= George Henry Bachhoffner =

British scientist (1810-1879)

George Henry Bachhoffner (13 April 1810 – 22 July 1879), was a British scientist, one of the founders of the London Polytechnic Institution, and a lecturer on scientific subjects.

Bachhoffner was a native of London. He married Caroline Derby on 23 July 1834 at St Pancras Old Church.

It was in 1837 that he, in conjunction with a few others, established the Polytechnic, which was intended for a place of popular instruction. Here, he held the position of principal of the department of natural and experimental philosophy until 1855. Afterwards, he became lessee and manager of the Coliseum in the Regent's Park, and there gave lectures similar to the courses he had established at the Polytechnic.

In the later part of his life, he held a post as registrar of births and deaths in Marylebone.
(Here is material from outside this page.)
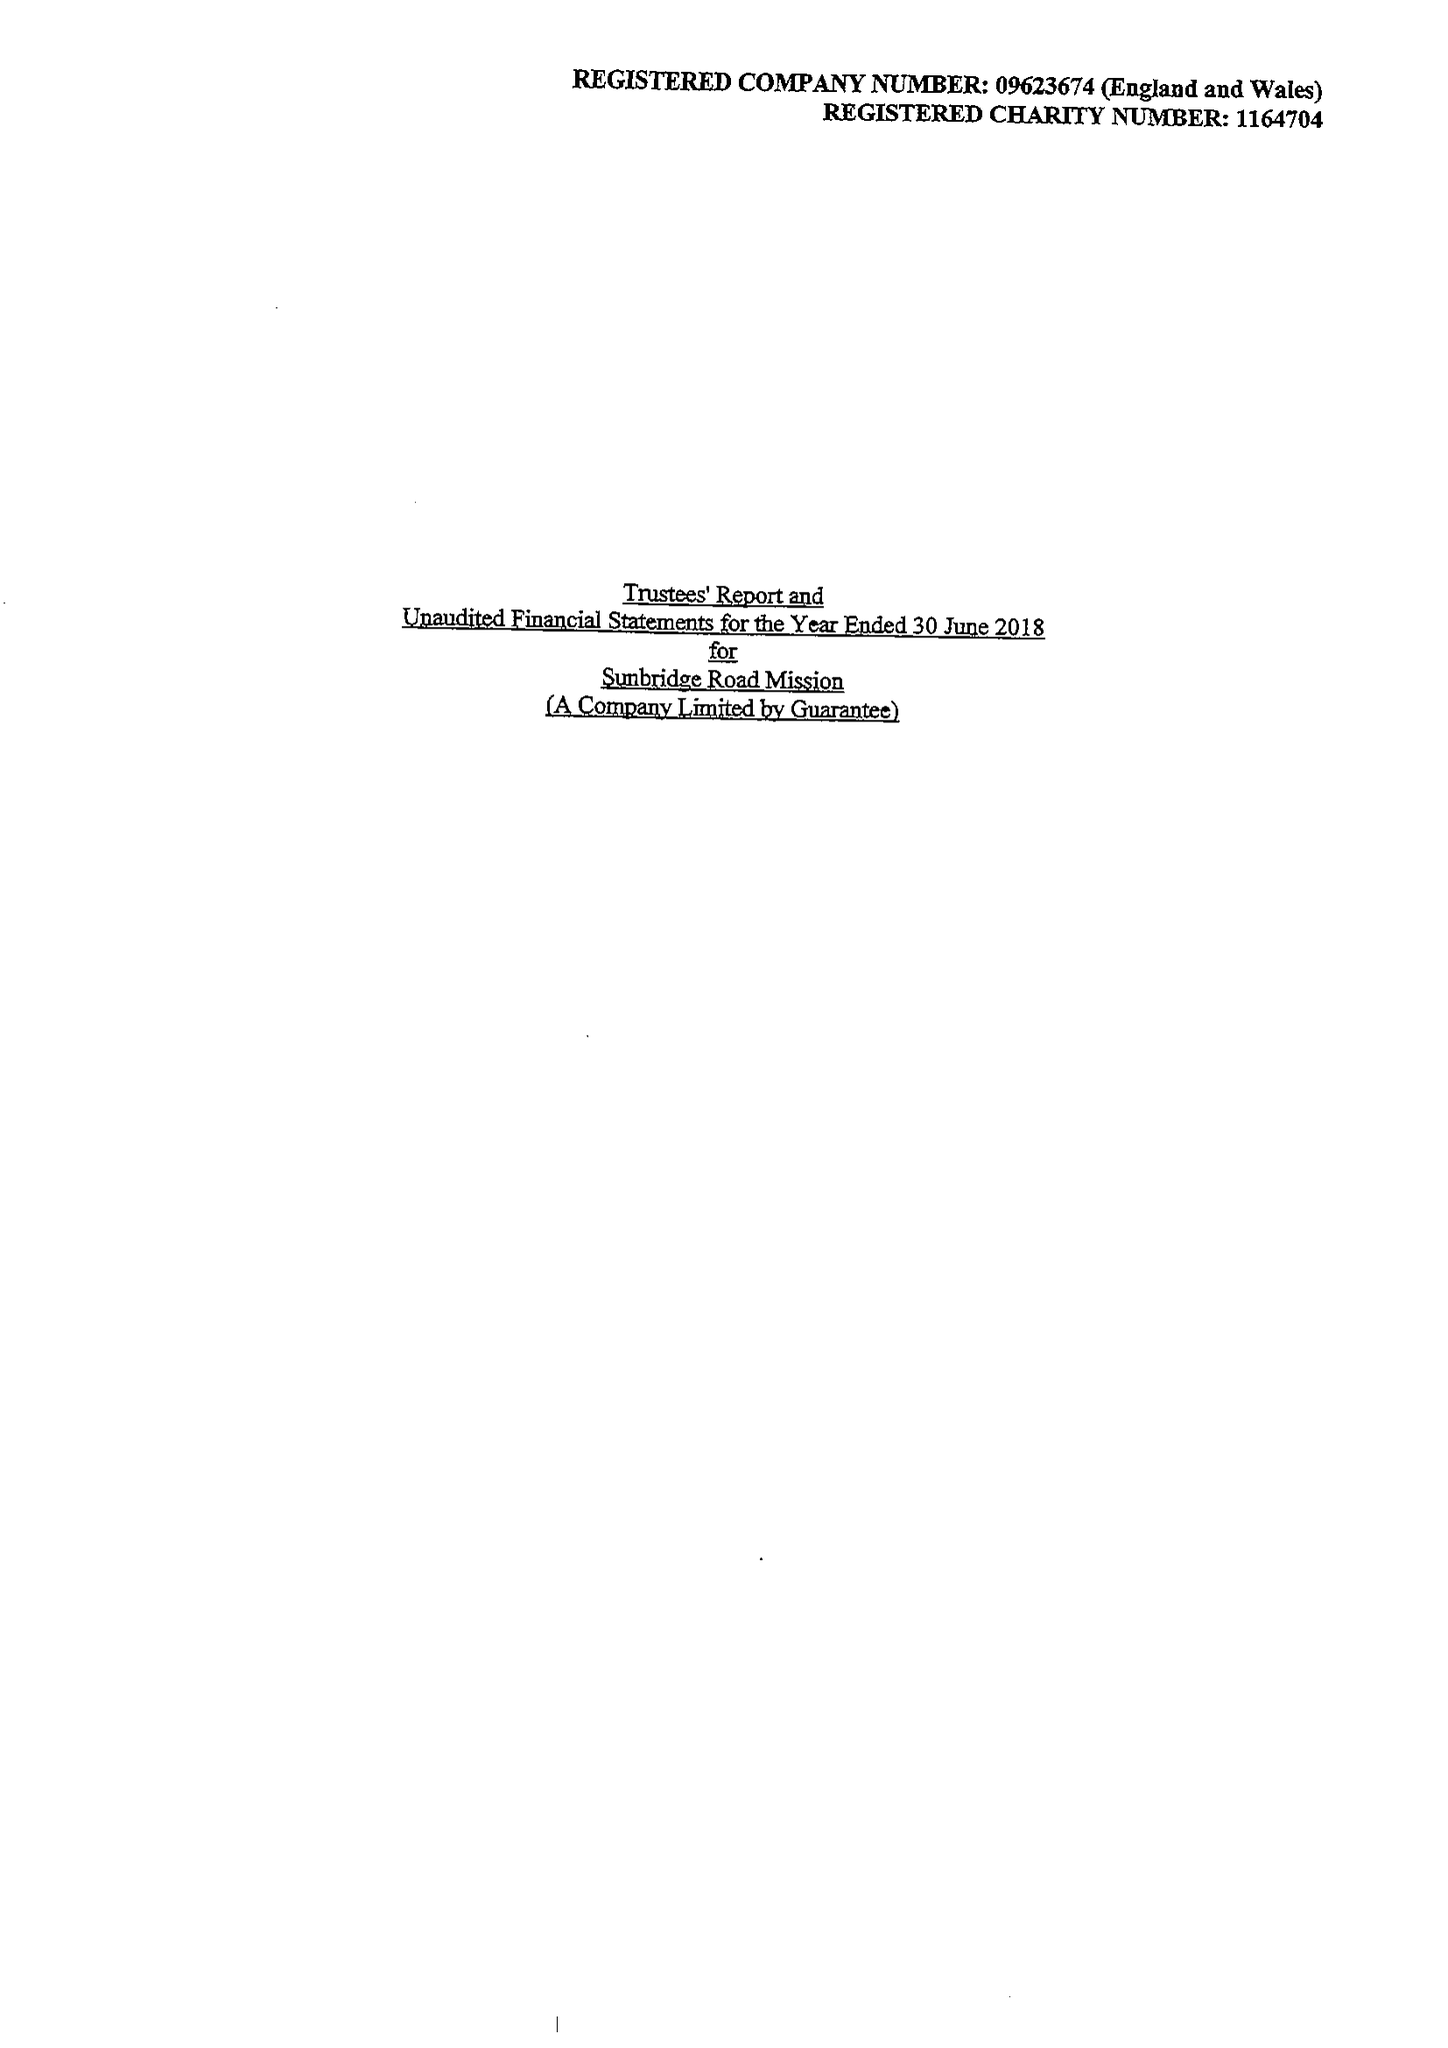What is the value for the address__postcode?
Answer the question using a single word or phrase. BD15 9JZ

Bachhoffner was an inventor and took out several patents for inventions connected with the electric telegraph, gas stoves and oil lamps. He was a member of the London Electrical Society.

In experiments with an early induction coil in 1837, he found that replacing the solid iron core with a core made of a bundle of parallel iron wires greatly increased the output voltage. As was later discovered, this was because the divided core prevented eddy currents from flowing in the core. Eddy currents, circular electric currents induced in the core by the changing magnetic field, cause power losses. The technique of a "divided" iron core was used in all subsequent transformers, and is still used today in the form of laminated cores in transformers and powdered iron cores in inductors. Bachhoffner can thus be credited with the invention of this method of preventing eddy current losses.